Resume intake Upload PDF / DOCX / TXT, or chat one into existence with the agentic builder — it asks questions, reads your GitHub README to pull in projects you forgot, web-searches for context when needed, and shows a live themed preview as you build. Parsed into a normalized profile with skills, experience timeline, projects, publications, and certifications.
JD review LLM-first JD parser with regex fallback.

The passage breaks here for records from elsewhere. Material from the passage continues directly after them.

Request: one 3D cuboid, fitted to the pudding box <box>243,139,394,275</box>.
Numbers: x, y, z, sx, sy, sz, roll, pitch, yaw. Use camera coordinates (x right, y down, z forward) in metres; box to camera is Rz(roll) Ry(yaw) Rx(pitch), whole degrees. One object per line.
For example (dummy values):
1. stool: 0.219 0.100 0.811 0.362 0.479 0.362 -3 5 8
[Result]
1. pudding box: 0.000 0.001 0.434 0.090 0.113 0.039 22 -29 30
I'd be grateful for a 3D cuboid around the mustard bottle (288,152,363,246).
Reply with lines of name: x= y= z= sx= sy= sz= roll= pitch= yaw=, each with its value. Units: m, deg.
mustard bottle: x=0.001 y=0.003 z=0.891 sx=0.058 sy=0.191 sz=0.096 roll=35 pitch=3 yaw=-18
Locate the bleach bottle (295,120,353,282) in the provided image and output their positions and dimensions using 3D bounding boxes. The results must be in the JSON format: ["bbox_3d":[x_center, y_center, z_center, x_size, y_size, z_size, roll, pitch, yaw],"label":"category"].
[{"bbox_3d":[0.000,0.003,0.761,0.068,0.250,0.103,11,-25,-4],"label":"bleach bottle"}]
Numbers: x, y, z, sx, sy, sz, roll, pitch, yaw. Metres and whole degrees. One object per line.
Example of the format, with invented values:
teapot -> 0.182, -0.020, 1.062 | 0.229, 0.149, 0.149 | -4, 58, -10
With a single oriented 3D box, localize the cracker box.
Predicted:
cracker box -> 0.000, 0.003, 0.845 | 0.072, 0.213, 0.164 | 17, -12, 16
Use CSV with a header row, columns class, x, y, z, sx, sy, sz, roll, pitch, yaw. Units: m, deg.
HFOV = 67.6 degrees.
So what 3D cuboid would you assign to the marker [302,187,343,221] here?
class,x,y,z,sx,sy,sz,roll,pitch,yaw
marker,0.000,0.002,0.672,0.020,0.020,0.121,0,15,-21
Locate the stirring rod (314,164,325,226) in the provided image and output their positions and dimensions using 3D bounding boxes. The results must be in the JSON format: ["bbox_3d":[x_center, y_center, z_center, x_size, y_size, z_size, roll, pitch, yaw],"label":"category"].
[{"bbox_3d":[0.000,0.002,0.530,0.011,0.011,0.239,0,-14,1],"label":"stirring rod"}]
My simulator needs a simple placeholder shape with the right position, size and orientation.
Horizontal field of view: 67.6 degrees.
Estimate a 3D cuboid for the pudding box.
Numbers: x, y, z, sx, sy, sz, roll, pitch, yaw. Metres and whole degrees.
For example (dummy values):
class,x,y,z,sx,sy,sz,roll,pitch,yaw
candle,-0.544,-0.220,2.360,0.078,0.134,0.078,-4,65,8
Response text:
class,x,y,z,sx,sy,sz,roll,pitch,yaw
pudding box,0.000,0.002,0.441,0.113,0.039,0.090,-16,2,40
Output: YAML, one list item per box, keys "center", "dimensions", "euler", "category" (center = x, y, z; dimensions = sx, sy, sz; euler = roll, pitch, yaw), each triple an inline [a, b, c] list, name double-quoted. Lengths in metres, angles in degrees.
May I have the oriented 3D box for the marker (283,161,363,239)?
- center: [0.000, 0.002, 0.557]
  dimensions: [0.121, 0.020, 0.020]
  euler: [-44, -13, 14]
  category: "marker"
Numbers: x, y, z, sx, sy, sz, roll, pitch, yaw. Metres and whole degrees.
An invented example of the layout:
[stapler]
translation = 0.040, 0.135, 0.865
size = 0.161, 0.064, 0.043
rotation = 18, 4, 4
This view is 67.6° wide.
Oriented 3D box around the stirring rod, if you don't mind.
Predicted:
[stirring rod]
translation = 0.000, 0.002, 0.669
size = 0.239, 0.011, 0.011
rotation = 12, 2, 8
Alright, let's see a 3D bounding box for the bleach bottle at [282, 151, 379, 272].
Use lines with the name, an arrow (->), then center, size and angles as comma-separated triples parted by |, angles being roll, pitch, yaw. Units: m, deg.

Surfaces hard skills, soft skills, and must-haves; shows match score against the loaded resume.
Supervised pipeline Matchmaker → Forge (tailoring) → Gatekeeper (review) → Resume Generation → Cover Letter. Three-layer LLM retry stack with per-agent fallback isolation, deterministic floor on every stage.
Artifact export 12 résumé themes — 6 single-column (ATS-safe) + 6 bespoke two-column layouts, all from one typed ThemeSpec registry — in DOCX or PDF, with a matching cover letter. The same source data feeds either pathway.
Grounded assistant Floating workspace chat with full context of the loaded resume, JD, analysis state, and saved jobs. Streams answers as they generate.
Command palette ⌘K / Ctrl+K from anywhere — jump between steps, load a saved job, re-ask a recent assistant question, or run the analysis.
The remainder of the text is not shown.